Neste artigo, vamos entender o que é marketing jurídico e porque ele não só não é vedadopara advogados, mas consiste numa atividade imprescindível para a prestação dos serviços advocatícios.

O conceito de Marketing

Marketing é a atividade que envolve a “identificação e a satisfação de necessidades humanas e sociais” (Philip Kotler).

Mesmo os mais conservadores e reativos à atividade do marketing na advocacia também fazem marketing.

A questão não é se o marketing pode ou não pode ser implementado na advocacia, mas “como” pode ser feito de forma ética e estratégica, trazendo os resultados desejados de forma otimizada.

Para isso, é preciso entender, afinal, o que é o marketing jurídico.

Antes de entender ir ao tema central, precisamos entender o que é o marketing considerado como tal.

Philip Kotler, autor norte-americano que é uma das grandes referências acadêmicas da área, define marketing como a atividade que envolve a “identificação e a satisfação de necessidades humanas e sociais”.

Perceba que nada se fala sobre publicidade ou propaganda, mas de satisfação de necessidades humanas.

A confusão vai se desfazendo!

Mas há uma outra definição do marketing que também é interessante.
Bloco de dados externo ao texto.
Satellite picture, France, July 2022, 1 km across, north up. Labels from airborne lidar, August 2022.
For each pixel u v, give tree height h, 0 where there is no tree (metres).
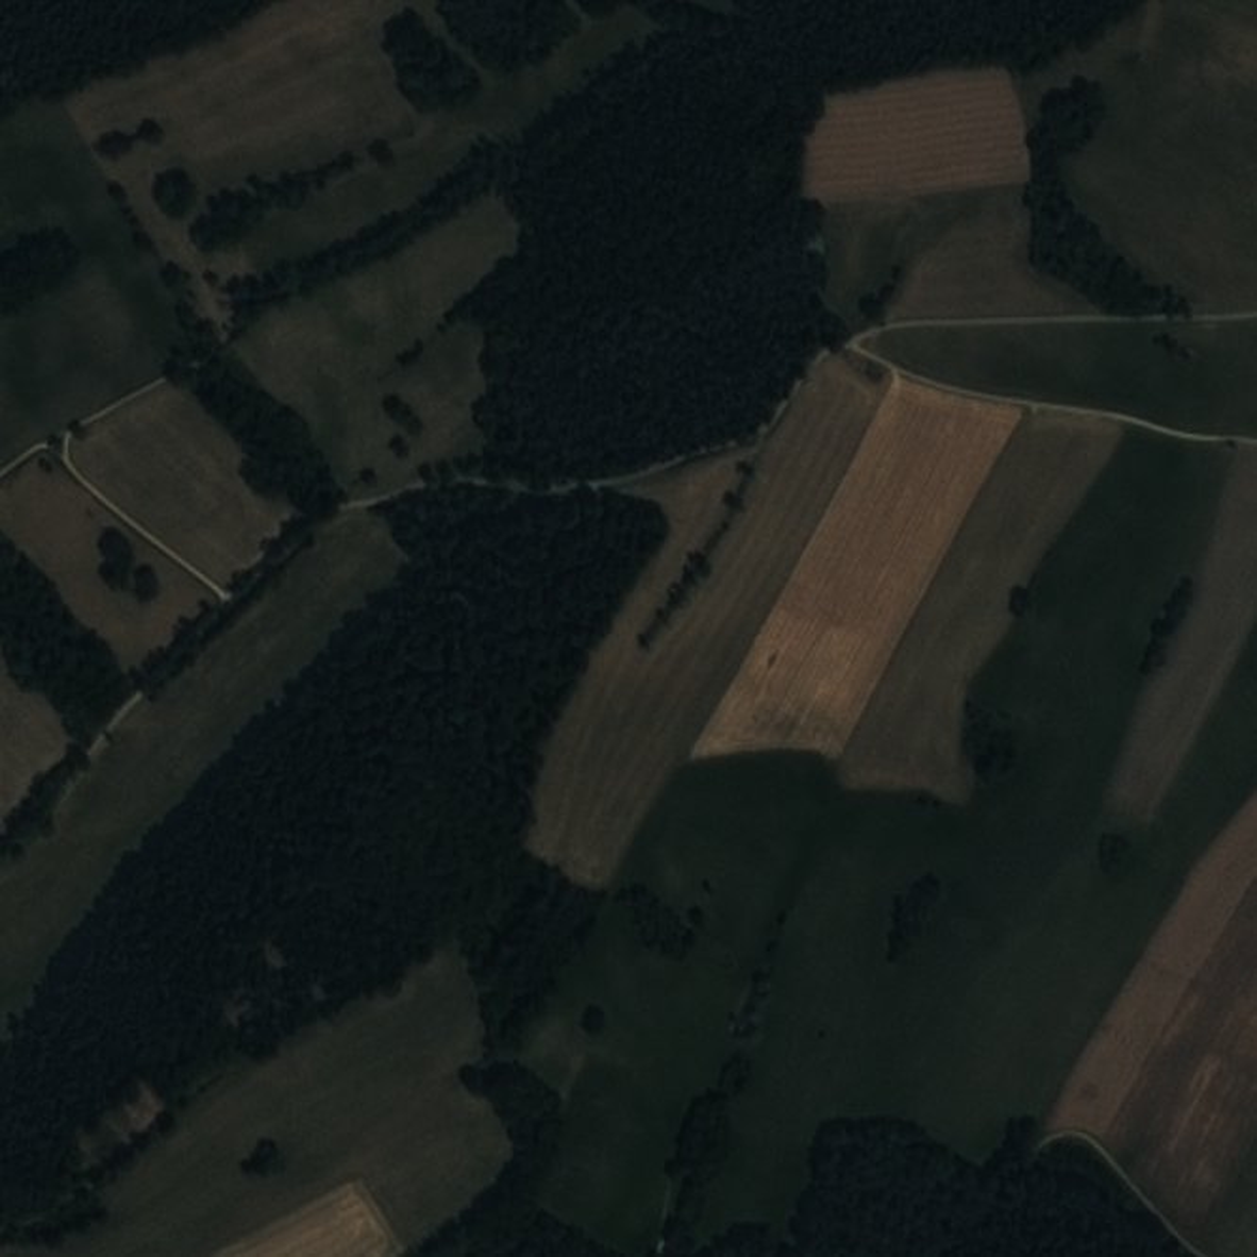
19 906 0
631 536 19
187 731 0
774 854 0
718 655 0
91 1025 27
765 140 18
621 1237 0
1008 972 0
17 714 0
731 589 0
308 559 0
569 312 23
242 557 0
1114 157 0
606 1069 0
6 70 17
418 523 20
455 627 27
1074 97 14
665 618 17
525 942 23
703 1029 0
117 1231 0
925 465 0
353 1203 0
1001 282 0
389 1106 0
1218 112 0
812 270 13
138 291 0
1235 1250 0
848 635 0
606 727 0
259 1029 16
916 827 0
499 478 15
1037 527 0
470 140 0
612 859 0
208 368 14
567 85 0
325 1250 0
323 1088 0
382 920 18
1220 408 0
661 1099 0
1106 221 0
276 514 0
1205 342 0
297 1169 0
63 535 0
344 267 15
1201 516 0
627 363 23
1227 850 0
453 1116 0
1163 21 0
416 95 24
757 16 28
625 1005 0
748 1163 0
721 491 0
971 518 0
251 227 14
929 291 0
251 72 0
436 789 21
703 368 22
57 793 17
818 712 0
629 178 20
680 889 0
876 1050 0
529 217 16
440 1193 0
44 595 13
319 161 0
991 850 0
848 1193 22
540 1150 22
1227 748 0
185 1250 0
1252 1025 0
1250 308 0
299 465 18
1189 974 0
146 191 0
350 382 0
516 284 18
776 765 0
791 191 20
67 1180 12
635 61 19
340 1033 0
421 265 0
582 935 18
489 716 22
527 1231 15
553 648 20
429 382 0
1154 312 7
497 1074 17
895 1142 19
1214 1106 0
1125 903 0
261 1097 0
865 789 0
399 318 0
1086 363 0
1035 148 15
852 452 0
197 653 11
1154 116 0
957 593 0
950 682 0
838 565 0
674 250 19
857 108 0
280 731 17
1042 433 0
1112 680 0
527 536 32
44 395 0
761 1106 0
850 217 0
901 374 0
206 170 0
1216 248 0
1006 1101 0
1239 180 0
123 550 15
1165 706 0
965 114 0
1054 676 0
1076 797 0
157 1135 7
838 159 0
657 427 16
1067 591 0
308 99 0
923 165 0
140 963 26
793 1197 0
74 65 17
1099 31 21
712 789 0
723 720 0
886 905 0
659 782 0
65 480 0
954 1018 0
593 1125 0
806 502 0
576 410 23
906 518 0
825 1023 0
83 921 0
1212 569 0
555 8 23
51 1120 20
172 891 22
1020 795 0
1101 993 0
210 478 0
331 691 21
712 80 18
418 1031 0
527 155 17
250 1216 0
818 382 0
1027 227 0
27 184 0
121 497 0
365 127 0
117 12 23
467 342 0
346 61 0
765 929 0
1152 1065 0
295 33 0
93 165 0
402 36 22
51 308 0
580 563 26
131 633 0
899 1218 26
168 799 0
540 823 0
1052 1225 21
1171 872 0
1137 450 0
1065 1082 0
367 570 0
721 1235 0
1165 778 0
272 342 0
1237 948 0
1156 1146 0
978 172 0
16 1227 14
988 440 0
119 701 10
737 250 22
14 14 27
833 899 0
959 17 25
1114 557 0
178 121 0
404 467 0
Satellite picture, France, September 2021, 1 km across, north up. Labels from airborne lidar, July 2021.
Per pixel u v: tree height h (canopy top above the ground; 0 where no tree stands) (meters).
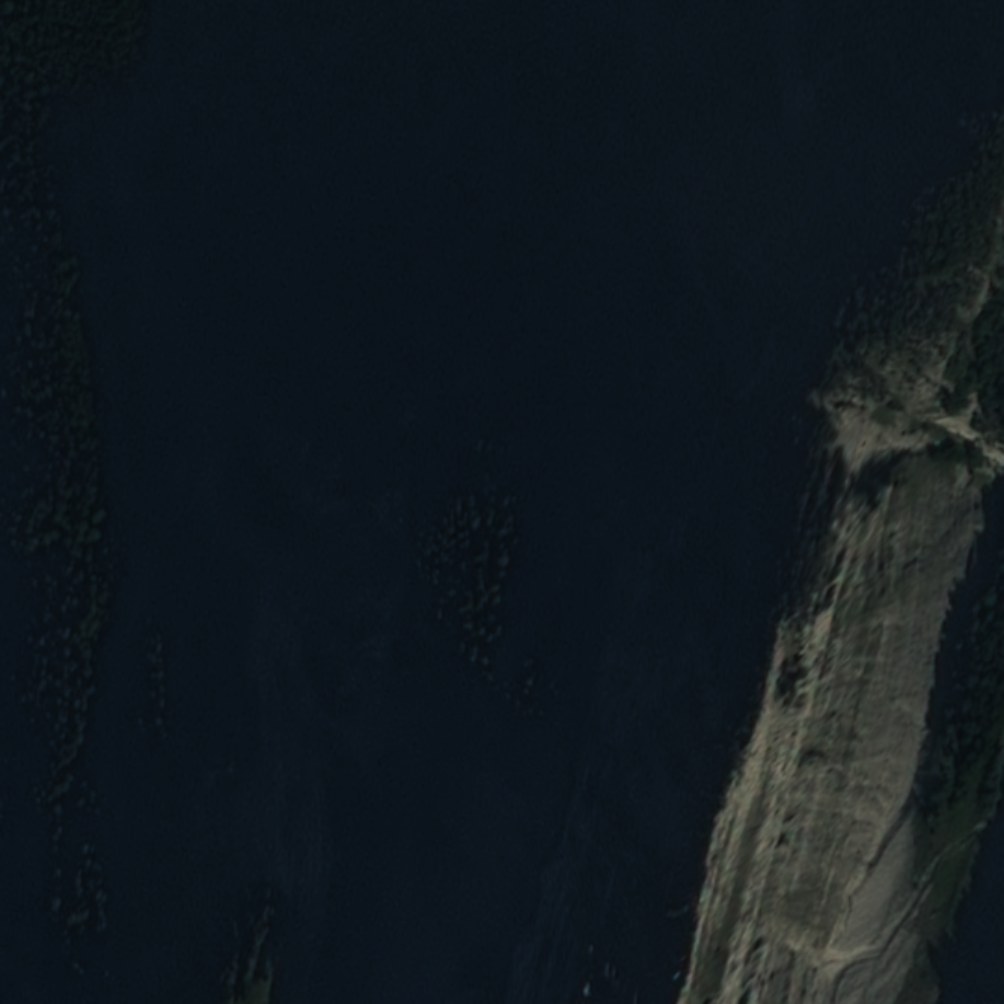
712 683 0
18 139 29
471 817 0
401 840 0
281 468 0
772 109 13
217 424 0
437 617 29
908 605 0
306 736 8
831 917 0
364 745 0
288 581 0
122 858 0
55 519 33
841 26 10
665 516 0
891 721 0
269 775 0
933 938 0
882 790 0
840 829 0
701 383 14
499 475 25
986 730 19
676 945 0
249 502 13
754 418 14
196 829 0
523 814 0
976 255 17
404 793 0
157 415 12
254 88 21
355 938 0
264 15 40
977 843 0
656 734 7
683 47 20
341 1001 0
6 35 22
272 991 0
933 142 27
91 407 25
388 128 35
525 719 16
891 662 0
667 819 0
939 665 0
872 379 10
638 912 0
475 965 0
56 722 34
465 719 14
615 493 0
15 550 23
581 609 12
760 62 14
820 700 0
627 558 0
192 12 31
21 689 26
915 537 0
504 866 0
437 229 41
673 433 11
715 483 12
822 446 11
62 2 18
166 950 0
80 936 10
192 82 22
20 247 28
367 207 35
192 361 0
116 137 12
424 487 15
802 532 9
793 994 0
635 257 7
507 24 28
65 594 32
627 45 7
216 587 7
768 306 11
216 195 31
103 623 17
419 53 34
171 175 22
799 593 8
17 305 26
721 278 11
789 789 0
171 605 10
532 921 0
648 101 10
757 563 12
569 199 20
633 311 17
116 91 19
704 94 9
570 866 0
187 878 0
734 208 12
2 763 29
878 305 22
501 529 27
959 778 8
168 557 16
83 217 28
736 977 0
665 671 9
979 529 0
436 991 0
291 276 29
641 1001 0
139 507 11
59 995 10
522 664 34
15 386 30
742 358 0
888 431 0
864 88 20
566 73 39
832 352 12
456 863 0
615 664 0
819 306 14
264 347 23
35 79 25
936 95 21
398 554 19
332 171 37
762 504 13
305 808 0
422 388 15
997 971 0
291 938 0
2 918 0
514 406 24
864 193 8
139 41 16
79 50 19
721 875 0
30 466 32
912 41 17
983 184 19
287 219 35
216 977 12
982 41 17
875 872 0
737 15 20
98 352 24
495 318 26
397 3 29
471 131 33
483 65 33
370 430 11
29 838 0
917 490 0
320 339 25
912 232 16
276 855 0
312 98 36
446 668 11
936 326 9
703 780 0
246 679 33
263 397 14
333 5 37
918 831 0
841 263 9
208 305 11
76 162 19
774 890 0
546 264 22
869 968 0
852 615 0
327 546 0
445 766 0
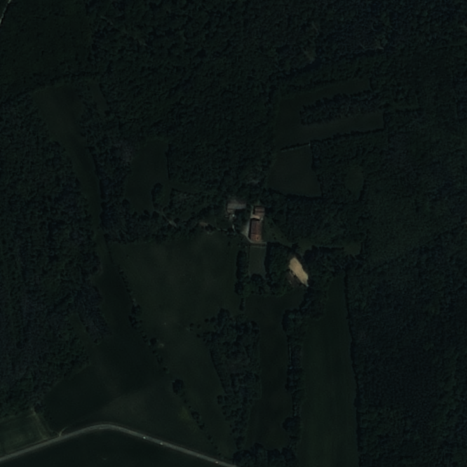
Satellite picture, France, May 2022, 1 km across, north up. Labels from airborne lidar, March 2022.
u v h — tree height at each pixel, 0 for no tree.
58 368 19
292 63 25
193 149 22
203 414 0
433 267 30
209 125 25
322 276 26
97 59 23
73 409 0
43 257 27
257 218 0
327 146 16
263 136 21
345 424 0
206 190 21
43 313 23
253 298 0
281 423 0
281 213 20
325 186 9
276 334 0
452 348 27
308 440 0
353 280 18
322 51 30
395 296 28
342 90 0
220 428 0
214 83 21
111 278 0
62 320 26
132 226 23
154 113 26
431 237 17
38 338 22
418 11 25
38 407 16
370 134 9
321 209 18
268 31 27
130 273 0
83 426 0
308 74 26
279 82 22
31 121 30
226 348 12
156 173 0
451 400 25
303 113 7
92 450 0
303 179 0
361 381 20
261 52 23
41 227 26
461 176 23
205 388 0
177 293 0
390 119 21
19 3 12
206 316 0
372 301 20
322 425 0
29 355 20
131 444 0
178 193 10
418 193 18
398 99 15
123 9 30
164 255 0
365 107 23
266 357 0
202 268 0
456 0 26
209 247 0
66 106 0
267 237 0
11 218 21
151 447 0
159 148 0
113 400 0
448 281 27
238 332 29
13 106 26
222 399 13
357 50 27
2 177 26
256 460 30
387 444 18
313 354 0
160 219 19
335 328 0
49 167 28
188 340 0
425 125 16
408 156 22
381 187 14
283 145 0
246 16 26
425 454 16
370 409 28
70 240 27
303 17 24
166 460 0
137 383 0
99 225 0
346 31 32
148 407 0
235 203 0
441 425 25
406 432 30
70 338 8
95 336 18
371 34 30
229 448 0
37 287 22
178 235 24
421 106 10
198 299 0
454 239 24
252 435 0
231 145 21
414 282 21
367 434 23
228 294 0
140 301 0
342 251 7
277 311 0
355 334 20
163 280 0
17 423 0
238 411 18
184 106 21
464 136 16
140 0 29
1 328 22
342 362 0
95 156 29
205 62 26
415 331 24
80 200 27
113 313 0
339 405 0
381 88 18
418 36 25
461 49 13
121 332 0
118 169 15
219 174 23
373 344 24
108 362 0
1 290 22
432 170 23
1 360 17
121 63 21
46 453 0
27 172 27
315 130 0
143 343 0
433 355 22
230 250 0
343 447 0
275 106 26
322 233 17
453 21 28
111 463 0
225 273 0
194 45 25
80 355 9
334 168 18
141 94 25
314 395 0
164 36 26
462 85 19
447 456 19
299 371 27
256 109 22
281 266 23
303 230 20
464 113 18
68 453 0
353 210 20
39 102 0
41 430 0
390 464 17
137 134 25
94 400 0
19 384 17
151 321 0
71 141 0
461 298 23
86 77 20
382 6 32
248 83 21
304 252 0
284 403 0
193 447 0
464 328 23
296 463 24
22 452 0
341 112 20
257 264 0
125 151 27
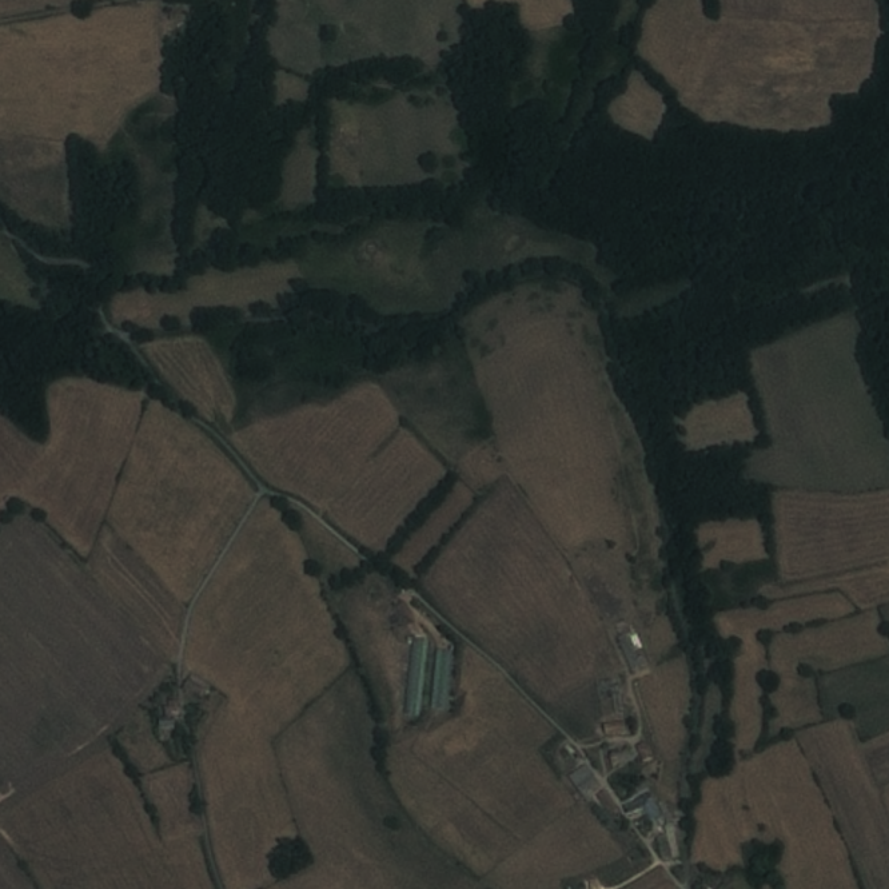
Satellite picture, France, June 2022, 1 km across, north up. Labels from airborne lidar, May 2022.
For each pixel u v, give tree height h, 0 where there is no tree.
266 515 0
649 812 0
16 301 0
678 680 0
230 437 0
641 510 0
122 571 0
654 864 0
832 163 27
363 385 0
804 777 0
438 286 0
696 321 21
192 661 0
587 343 0
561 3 0
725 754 24
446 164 0
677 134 19
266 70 15
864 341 17
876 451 0
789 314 14
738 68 0
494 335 0
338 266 0
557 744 0
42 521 12
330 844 0
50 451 0
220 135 27
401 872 0
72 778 0
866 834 0
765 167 19
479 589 0
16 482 0
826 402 0
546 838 0
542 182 26
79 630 0
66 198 0
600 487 0
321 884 0
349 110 0
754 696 0
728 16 0
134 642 0
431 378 0
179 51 16
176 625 0
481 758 0
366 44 0
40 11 0
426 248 0
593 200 27
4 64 0
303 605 0
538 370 0
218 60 22
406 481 0
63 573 0
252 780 0
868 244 17
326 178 15
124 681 0
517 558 0
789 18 0
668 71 0
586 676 0
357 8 0
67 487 0
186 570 0
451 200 25
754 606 11
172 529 0
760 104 0
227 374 0
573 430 0
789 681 0
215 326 20
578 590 0
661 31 0
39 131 0
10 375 6
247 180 23
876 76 14
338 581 15
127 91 0
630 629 0
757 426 11
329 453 0
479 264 0
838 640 0
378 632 0
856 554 0
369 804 0
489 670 0
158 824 7
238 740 0
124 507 0
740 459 15
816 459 0
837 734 0
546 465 0
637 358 19
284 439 0
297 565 0
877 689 0
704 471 21
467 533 0
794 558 0
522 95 0
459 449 0
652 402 19
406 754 0
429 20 0
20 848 0
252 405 0
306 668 0
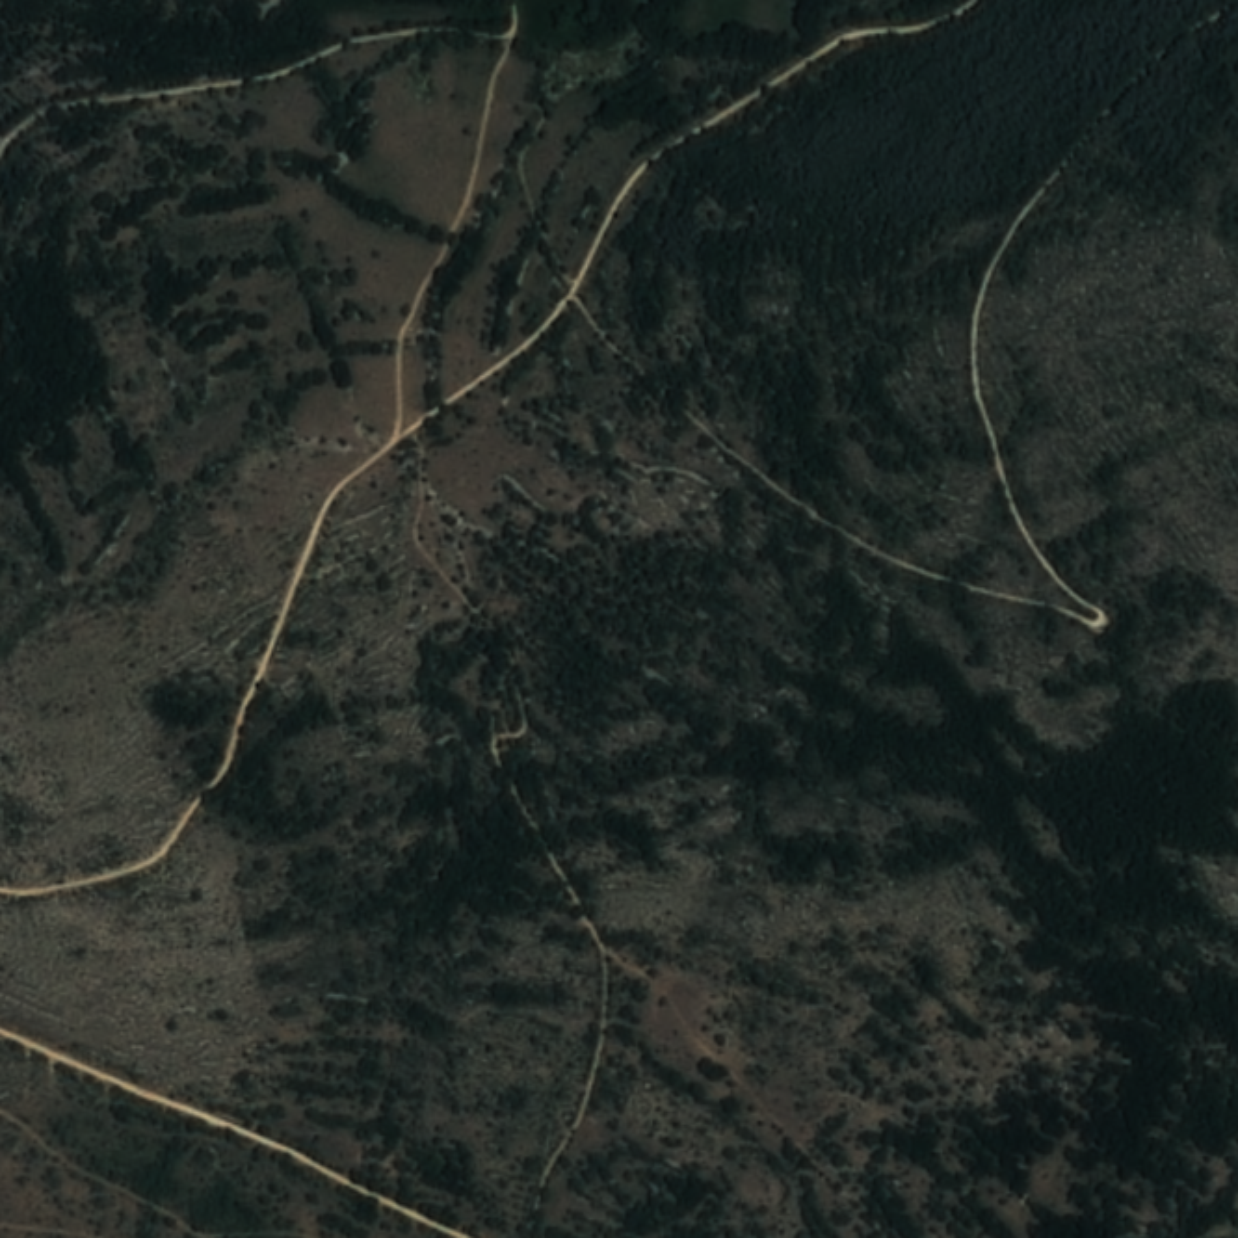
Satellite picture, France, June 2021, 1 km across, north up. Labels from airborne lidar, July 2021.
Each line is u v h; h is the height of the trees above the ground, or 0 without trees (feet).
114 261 20
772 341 20
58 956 0
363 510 0
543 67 25
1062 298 0
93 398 28
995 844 18
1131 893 45
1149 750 27
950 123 22
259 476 0
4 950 0
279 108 0
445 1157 28
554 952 0
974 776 32
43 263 32
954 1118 18
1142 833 32
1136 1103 26
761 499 28
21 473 26
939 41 35
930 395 0
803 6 40
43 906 0
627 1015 23
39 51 25
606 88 27
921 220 23
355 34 26
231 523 0
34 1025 0
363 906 31
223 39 38
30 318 40
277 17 30
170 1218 20
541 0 0
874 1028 20
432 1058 0
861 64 28
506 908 21
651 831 21
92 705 0
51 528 20
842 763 29
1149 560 0
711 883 0
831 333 22
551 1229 26
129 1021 0
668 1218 19
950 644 0
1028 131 29
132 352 0
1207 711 30
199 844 0
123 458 37
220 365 21
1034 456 0
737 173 30
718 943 0
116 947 0
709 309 23
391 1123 32
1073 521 0
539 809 21
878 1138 23
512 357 18
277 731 25
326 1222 19
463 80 0
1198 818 29
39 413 36
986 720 35
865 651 29
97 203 31
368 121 22
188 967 0
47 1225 0
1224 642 0
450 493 0
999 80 33
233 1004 0
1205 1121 19
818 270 19
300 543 0
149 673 0
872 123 31
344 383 38
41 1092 0
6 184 35
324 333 38
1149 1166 26
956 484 0
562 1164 23
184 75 30
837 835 20
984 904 0
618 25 19
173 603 0
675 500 0
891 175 31
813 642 20
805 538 19
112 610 0
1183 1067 30
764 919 0
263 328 31
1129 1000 34
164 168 36
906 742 31
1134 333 0
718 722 26
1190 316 0
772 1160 25
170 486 21
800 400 32
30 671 0
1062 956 32
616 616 18
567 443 23
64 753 0
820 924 0
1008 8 25
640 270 28
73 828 0
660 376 17
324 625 0
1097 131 22
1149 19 45
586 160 0
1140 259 0
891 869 28
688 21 0
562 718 22
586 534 17
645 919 0
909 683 29
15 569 22
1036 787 29
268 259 24
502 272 25
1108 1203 21
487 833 31
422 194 0
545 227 31
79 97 22
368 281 0
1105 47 34
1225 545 0
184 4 27
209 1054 0
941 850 23
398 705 19
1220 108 17
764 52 30
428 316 24

A partir dos trabalhos do estudioso suíço Alexander Osterwalder, o marketing se aproxima da atividade de geração de valor.

Juntamente com 470 empreendedores de todo o mundo, Osterwalder criou o famoso Canvas Business Model, que é uma metodologia de modelagem de negócios muito utilizada por Startups (e que começa a ganhar atenção na advocacia).

Com o Canvas, a ideia de marketing ficou associada com as atividades de identificar, criar, comunicar, e entregar valor aos clientes.

Nesta concepção mais moderna, você faz marketing toda vez que pratica algumas das atividades listadas abaixo:

  1. investiga e identifica o que o cliente considera como valoroso na prestação do seu serviço;
  2. quando você transforma em realidade aquilo que gera valor para o cliente;
  3. quando você comunica esse valor ao cliente;
  4. quando você efetivamente entrega esse valor ao cliente quando da prestação do seu serviço.

O conceito de marketing jurídico

Marketing jurídico é a atividade de geração de valor para clientes de serviços advocatícios, respeitando as diretrizes deontolológicas estabelecidas pelo Estatuto, o Código de Ética e Disciplina, os provimentos administrativos da OAB e o posicionamento dos Tribunais de Ética e Disciplina de cada seccional

Uma vez que delimitamos o que é marketing, vamos agora definir o que é o marketing jurídico.

Trata-se de uma atividade de geração de valor para clientes de serviços jurídicos.

Via de regra, fala-se de marketing jurídico como atividade de advogados, mas poderíamos ampliar o conceito para outras atividades jurídicas que também demandam geração de valor para clientes, como os serviços notariais, por exemplo.

Porém, vamos nos ater apenas ao marketing praticado por advogados, que é, em larga medida, determinado pelas diretrizes do Estatuto da Advocacia e da OAB e pelo Código de Ética e Disciplina da OAB.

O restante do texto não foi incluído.